L’ouvrage se termine par un dictionnaire composé de près de cinq cent articles, allant de « accent new-yorkais » à « Ziegfeld Follies », en passant par « Jamaïcains ». Outre les auteurs de l’anthologie, on y retrouve les incontournables (Statue de la liberté, Cinquième avenue), les quartiers négligés (Staten Island, Tenderloin), les grands personnages (Jane Jacobs, Theodore Roosevelt) et autres clés pour comprendre New York (danse, conservatisme ou homosexualité). Concis et rigoureux dans l’ensemble, certains articles de ce dictionnaire empruntent par moment le ton du guide de voyage. Exhaustivité donc, mais aussi mélange des genres.
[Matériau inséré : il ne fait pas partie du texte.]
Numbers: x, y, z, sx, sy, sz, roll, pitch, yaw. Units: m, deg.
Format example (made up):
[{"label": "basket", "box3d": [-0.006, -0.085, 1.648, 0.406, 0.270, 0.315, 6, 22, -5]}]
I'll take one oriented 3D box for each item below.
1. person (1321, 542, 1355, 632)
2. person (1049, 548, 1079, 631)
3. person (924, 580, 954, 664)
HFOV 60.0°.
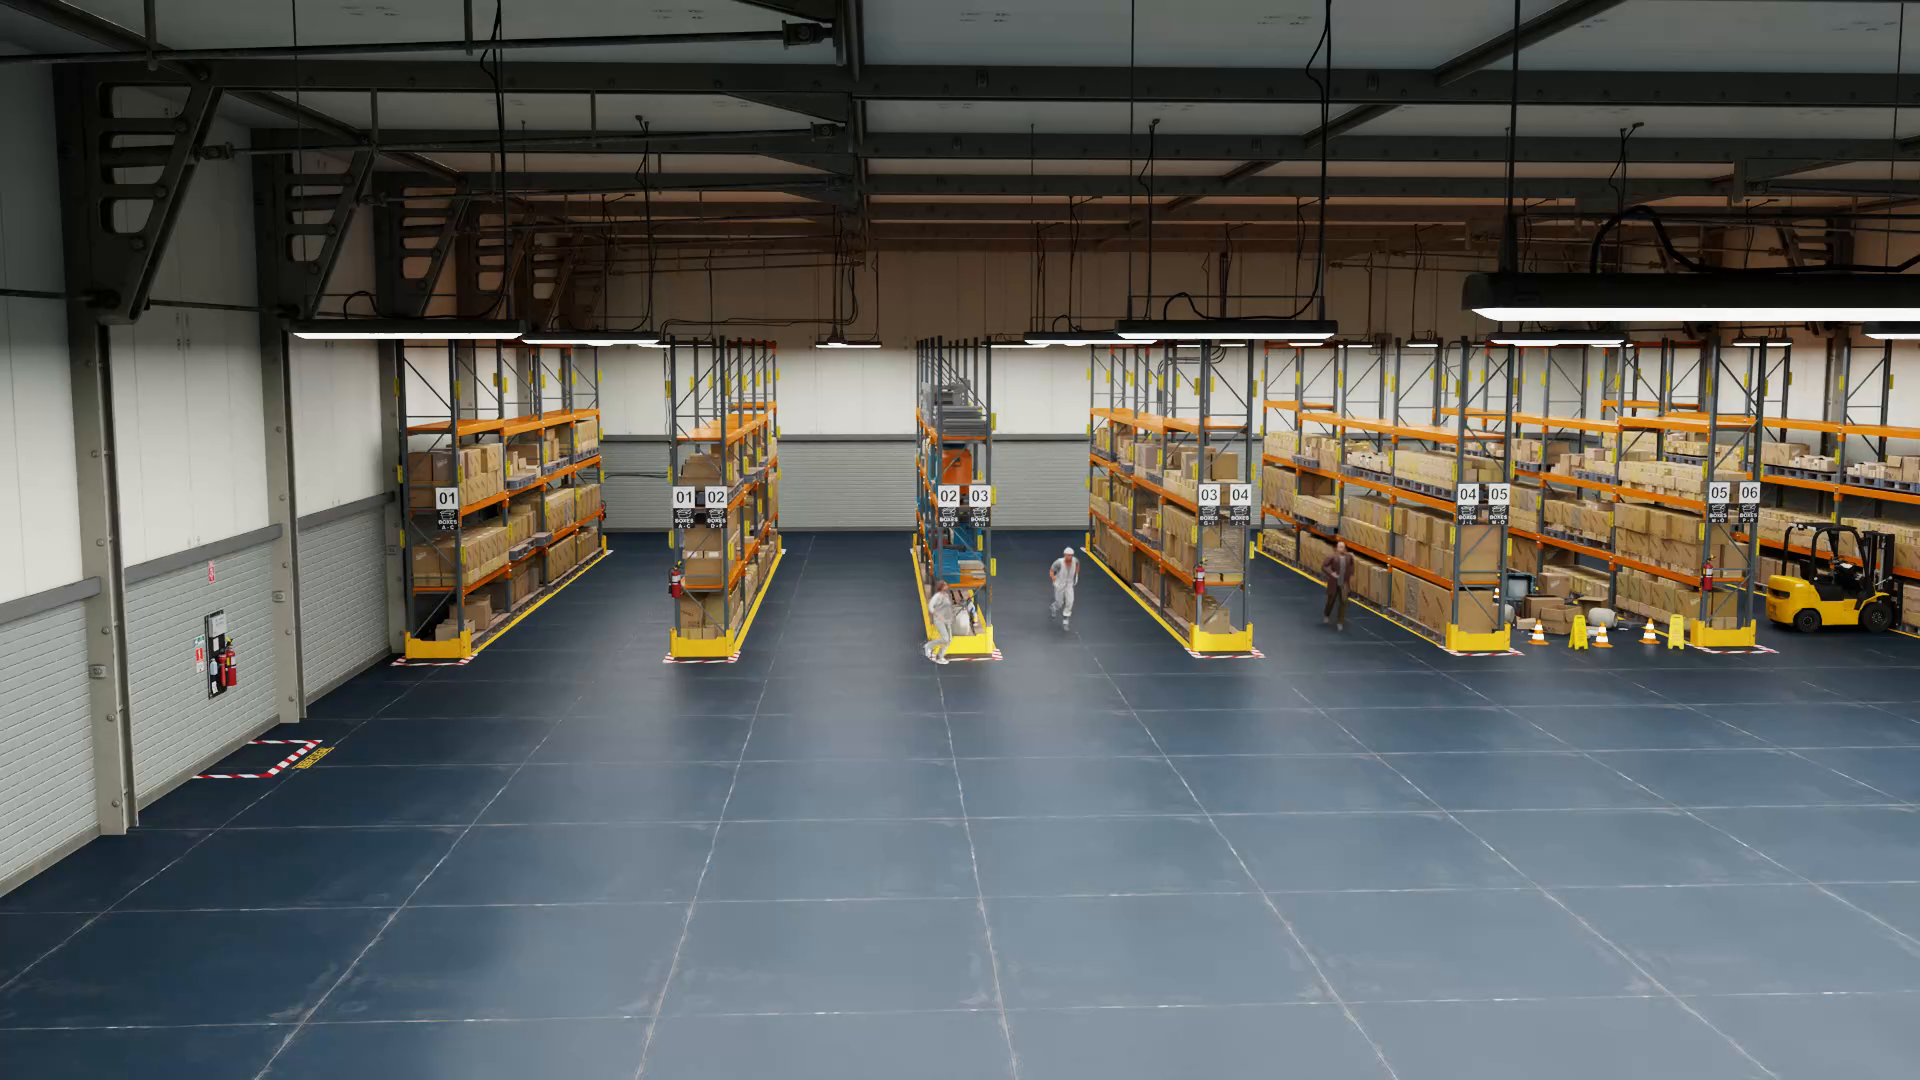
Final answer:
[{"label": "person", "box3d": [7.840, 0.934, 34.399, 0.749, 1.801, 0.969, 0, 6, -1]}, {"label": "person", "box3d": [2.124, 0.978, 34.502, 0.670, 1.729, 1.013, -3, 7, -23]}, {"label": "person", "box3d": [-0.371, 1.497, 30.474, 0.509, 1.542, 0.585, 4, 7, 30]}]

Soigneusement édité (hormis quelques inévitables coquilles), on peut certes reprocher à cet ouvrage hybride l’inégalité de ses contributions, ses répétitions et ses chevauchements. Or, ce New York n’est pas conçu pour être lu d’une couverture à l’autre. Individuellement, plusieurs des essais et des textes de l’anthologie trouveront avantageusement place parmi les lectures d’une variété de cours en études urbaines ou en histoire des États-Unis. S’il offre au néophyte une belle introduction à la métropole américaine, il laisse en revanche au spécialiste une impression de déjà vu. Synthèse plutôt que réinterprétation, il s’agit tout de même d’un ajout pertinent à la littérature francophone sur New York.